Proof of Concept
Concept of Our Design
Product Design
Figure 1. Design Drawing of the product - Arsenic Biosensor
We plan to design an arsenic biosensor by genetically engineering E. coli to alarm people by giving the sign of green fluorescence when sensing the existence of the environmental arsenic.
As showing in the figure 1, our product will be used as a home kit for daily life and will be designed as possible as portable for our customers to carry with. Besides, we will combine the tube with a reference card to determine the amount of the environmental arsenic.
Engineered Bacteria
Figure 2: The Self Defense Mechanism of E. coli in the Presence of Arsenic
E.coli will naturally react when arsenic is present in the environment with a series of defense metabolisms. According to Figure 2, when arsenic is present in the cytosol of E. coli, it will bind to ArsD and ArsR proteins, which, when not bound to arsenic, inhibits the expression of ARSA, ARSB, and ARSC genes, which are all located downstream of ARSD and ARSR genes. When ArsD and ArsR proteins bind to arsenic, it will no longer inhibit the expression of downstream genes. Additionally, ArsA proteins may also bind to arsenic, and the ArsA-arsenic complex may also promote the expression of downstream genes (not shown in figure).
Plasmid Construction
Figure 3: Plasmid Map of ARS/amilGFP Plasmids Transferred Into Competent E. coli
The plasmid would be constructed in such a way that an amilGFP sequence directly follows a single ARS sequence that is ARSA, ARSD, or ARSR. For instance, in Figure 3, said amilGFP sequence follows an ARSR sequence. When arsenic that is present in the cytosol of E. coli binds to the Ars proteins, the inhibition of the expression of amilGFP is ceased, allowing amilGFP to be expressed. Hence, green fluorescence in the E. coli would indicate the prescence of arsenic.
Proof by Experiments
Validation of the Plasmid Construction
Figure 4: Gel Electrophoresis Results 1 of Colony PCR of Second Experimental Attempt
Figure 5. Gel Electrophoresis Results 2 of Colony PCR of Second Experimental Attempt
Figures 4 and 5 show the result for colony PCR identification on the E.coli with ARS/amilGFP inserted that were cultivated previously. All samples are determined to have bands of corresponding molecular sizes, which shows that all selected colonies yielded positive results of ARS and amilGFP genes.
In addition, we also sent these plamids to the sequencing company and the feedback was back up our expectation that all the plasmids were constructed correctly.
Validation of the Engineered Bacteria
Figure 6. Fluorescence Intensity of Transformed E. coli In Different Concentrations of C2H12AsNaO5 Solutions
Figure 6 displays the fluorescence intensity generated by an ARSD/amilGFP transformed E. coli reacting for 1 hour in C2H12AsNaO5 solutions. As showing above, the fluorescence was detected for all C2H12AsNaO5 concentrations that are above 0, which confirms that the engineered E. coli worked as intended.
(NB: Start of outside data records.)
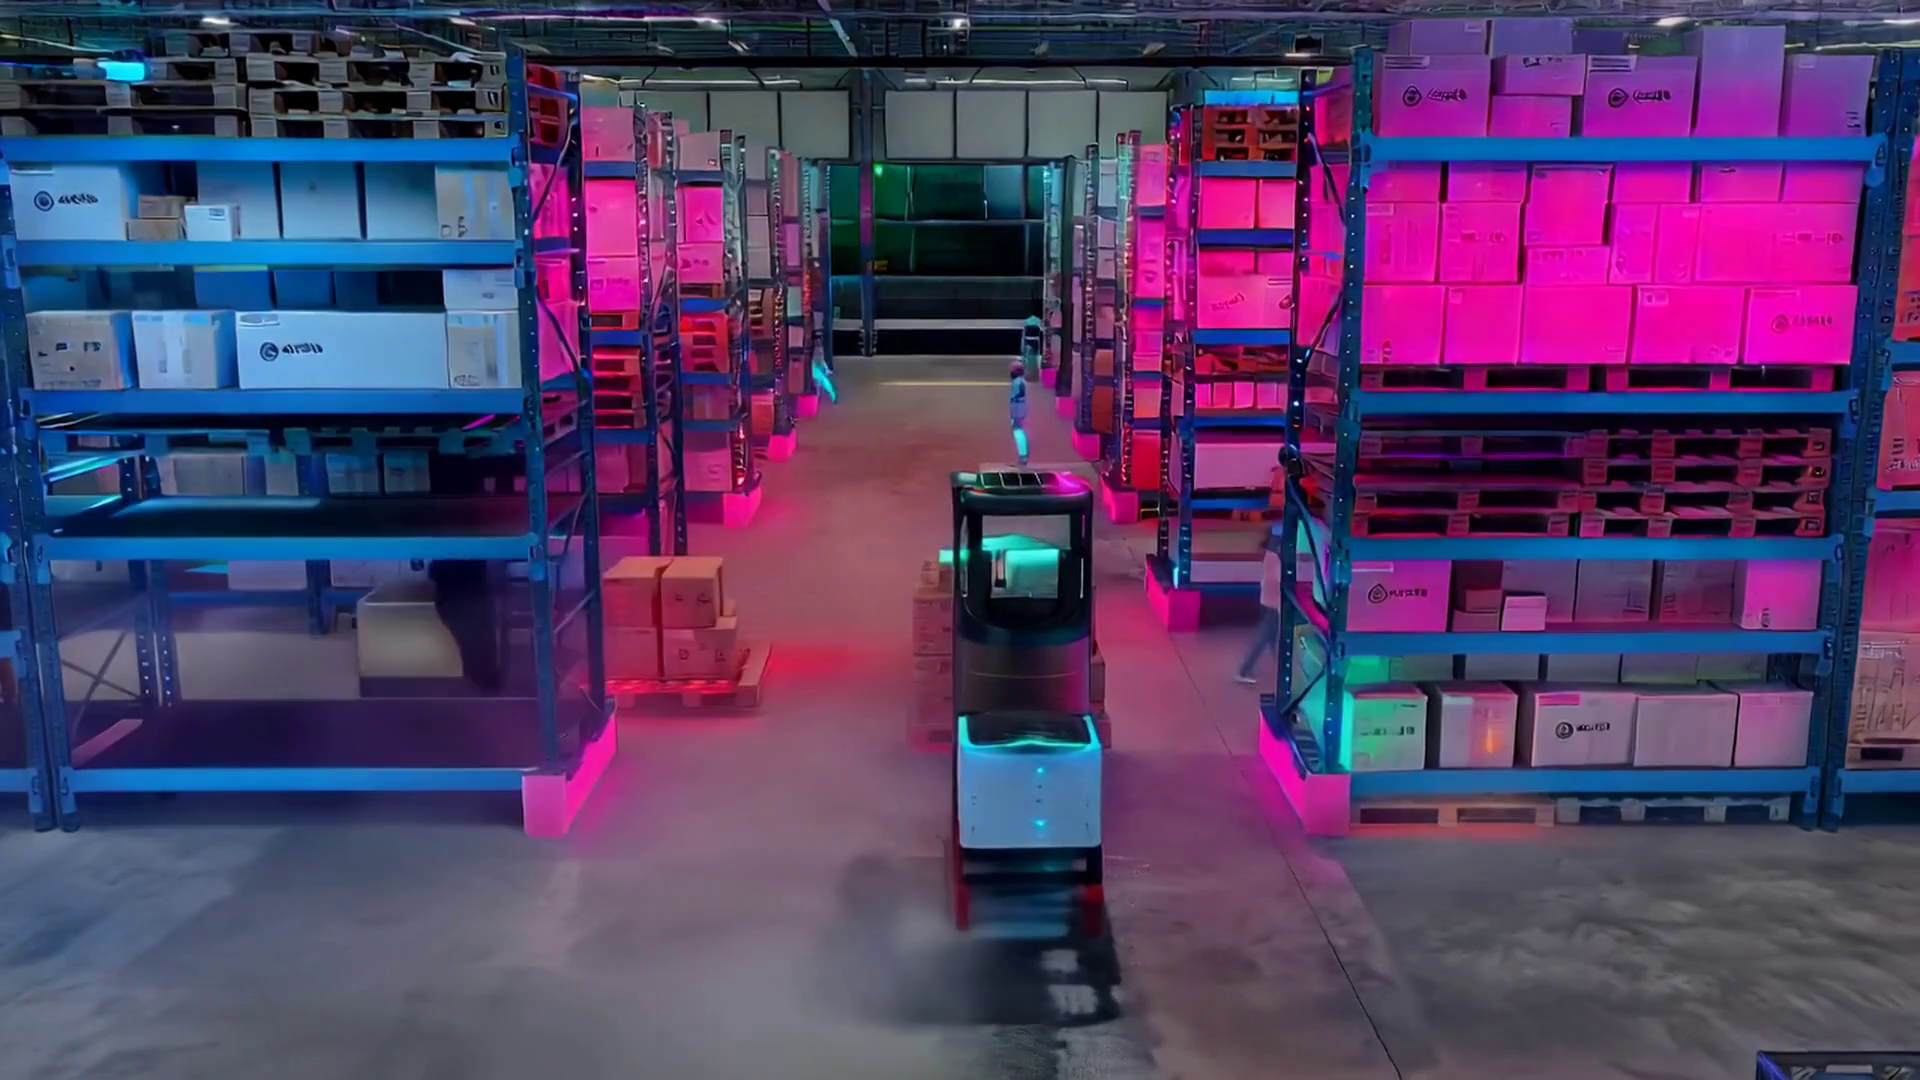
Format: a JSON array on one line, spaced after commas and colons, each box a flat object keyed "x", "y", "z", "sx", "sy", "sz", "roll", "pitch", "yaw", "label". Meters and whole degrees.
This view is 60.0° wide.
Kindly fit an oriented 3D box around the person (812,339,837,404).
[{"x": -3.459, "y": -4.208, "z": 41.620, "sx": 0.783, "sy": 1.649, "sz": 0.555, "roll": 1, "pitch": 11, "yaw": 4, "label": "person"}]

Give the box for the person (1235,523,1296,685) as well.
[{"x": 3.291, "y": 0.664, "z": 17.309, "sx": 0.928, "sy": 1.716, "sz": 0.545, "roll": -1, "pitch": 11, "yaw": -5, "label": "person"}]

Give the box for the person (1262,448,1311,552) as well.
[{"x": 4.540, "y": -0.465, "z": 23.061, "sx": 0.873, "sy": 1.645, "sz": 0.537, "roll": -3, "pitch": 12, "yaw": -15, "label": "person"}]

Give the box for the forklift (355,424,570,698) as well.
[{"x": -5.060, "y": 0.183, "z": 16.795, "sx": 1.873, "sy": 2.768, "sz": 1.129, "roll": 0, "pitch": 11, "yaw": -1, "label": "forklift"}]

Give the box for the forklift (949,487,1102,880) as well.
[{"x": 0.495, "y": 0.986, "z": 12.813, "sx": 1.129, "sy": 2.768, "sz": 1.873, "roll": 0, "pitch": 11, "yaw": -2, "label": "forklift"}]

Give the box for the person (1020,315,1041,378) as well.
[{"x": 1.994, "y": -5.588, "z": 48.097, "sx": 0.743, "sy": 1.805, "sz": 0.447, "roll": -4, "pitch": 12, "yaw": -19, "label": "person"}]

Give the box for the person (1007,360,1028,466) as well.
[{"x": 1.088, "y": -2.430, "z": 31.870, "sx": 0.417, "sy": 2.035, "sz": 0.609, "roll": 4, "pitch": 12, "yaw": 19, "label": "person"}]
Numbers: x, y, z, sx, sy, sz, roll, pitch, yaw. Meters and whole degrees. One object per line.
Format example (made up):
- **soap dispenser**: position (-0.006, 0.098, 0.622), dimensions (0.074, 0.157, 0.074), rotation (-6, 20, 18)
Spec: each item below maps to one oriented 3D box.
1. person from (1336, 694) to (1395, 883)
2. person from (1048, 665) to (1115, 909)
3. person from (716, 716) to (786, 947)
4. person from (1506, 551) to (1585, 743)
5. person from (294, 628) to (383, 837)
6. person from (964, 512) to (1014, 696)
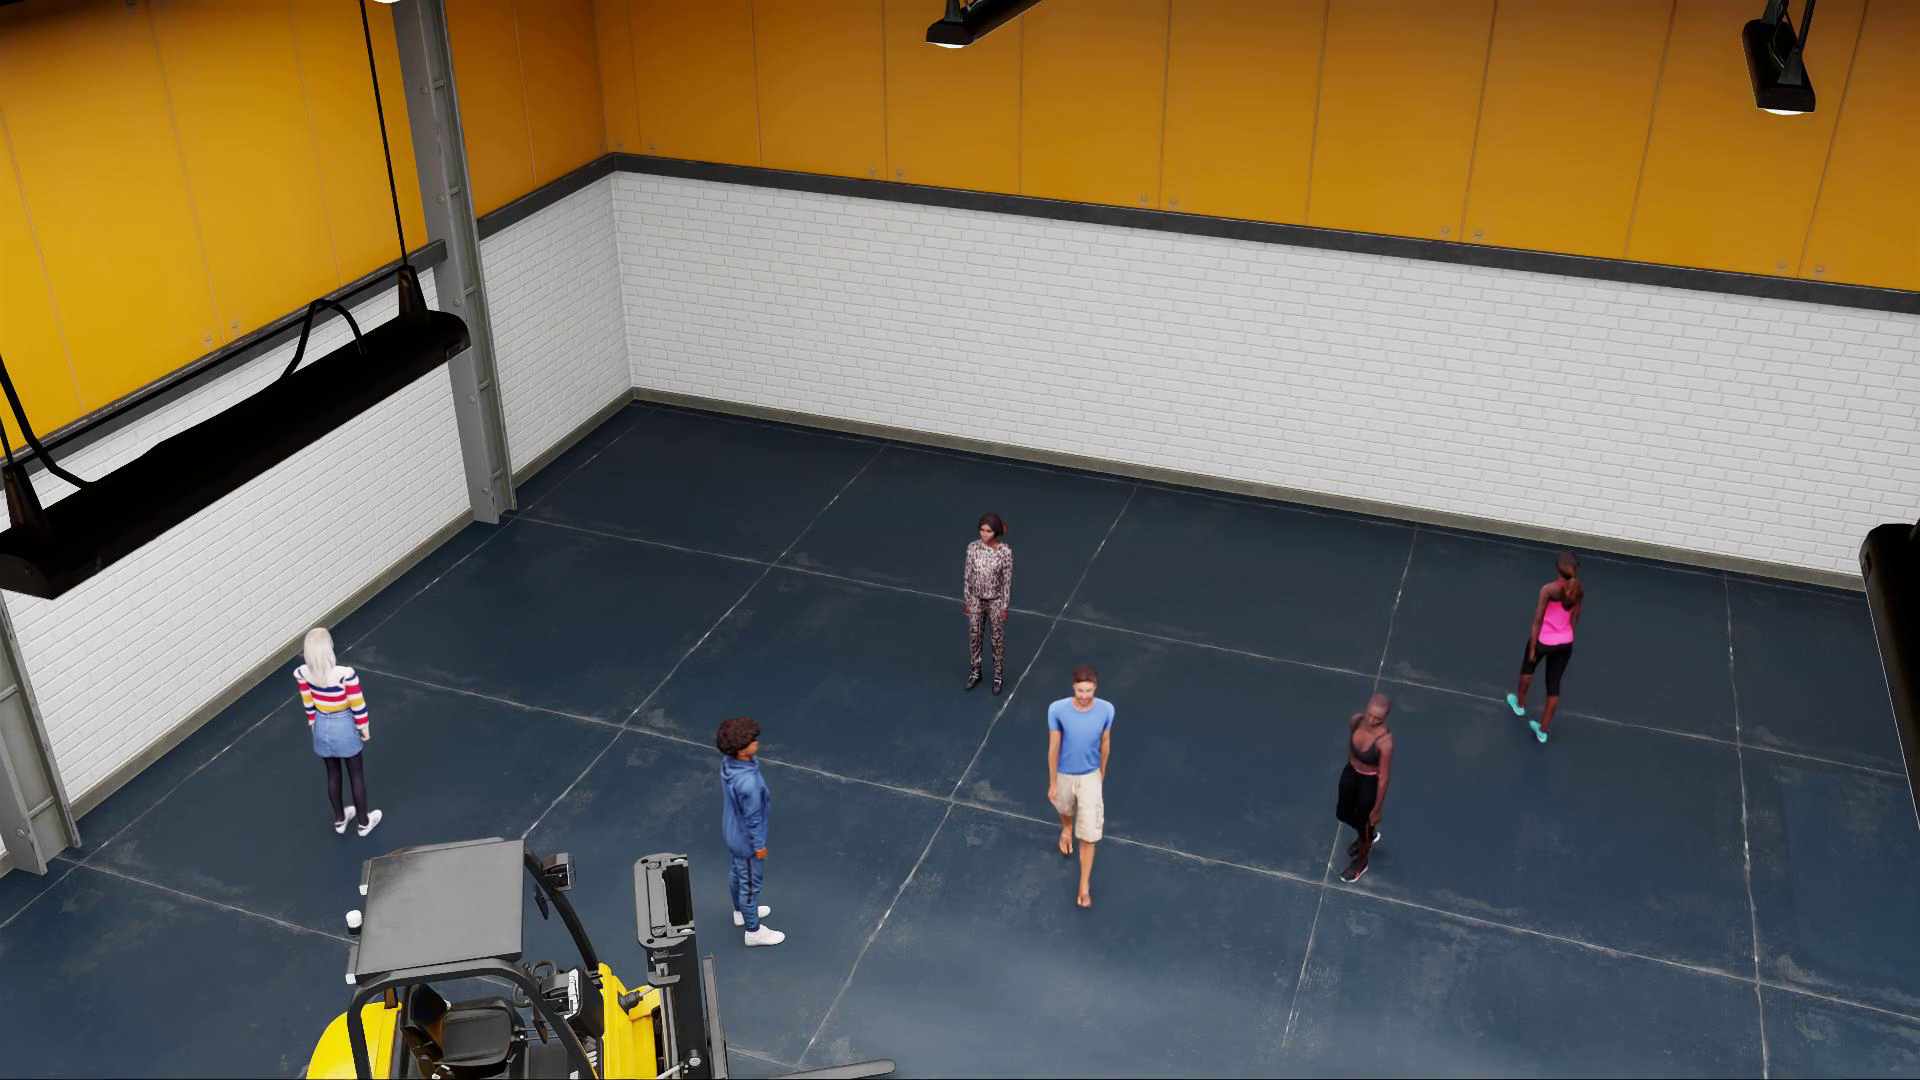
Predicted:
- **person**: position (2.995, 1.774, 12.130), dimensions (0.935, 1.733, 0.863), rotation (-12, 31, -21)
- **person**: position (0.842, 1.666, 12.244), dimensions (0.880, 1.812, 1.304), rotation (2, 29, 3)
- **person**: position (-1.499, 2.016, 11.606), dimensions (0.812, 1.811, 0.737), rotation (-11, 30, -19)
- **person**: position (4.920, 0.909, 13.749), dimensions (0.773, 1.702, 0.943), rotation (-1, 29, -2)
- **person**: position (-4.747, 1.451, 12.643), dimensions (0.689, 1.808, 0.605), rotation (3, 29, 5)
- **person**: position (0.245, 0.540, 14.412), dimensions (0.570, 1.714, 0.562), rotation (9, 30, 16)

We will shortly carry on several function tests in some inorganic arsenic solutions and the water sample to solid our theory.
In order to further confirm the quantitative relation between the fluorescence intensity and the amounts of the arsenic, more function tests data is required. Once the model is built, it will be another milestone for the development to implement our product - the arsenic biosensor.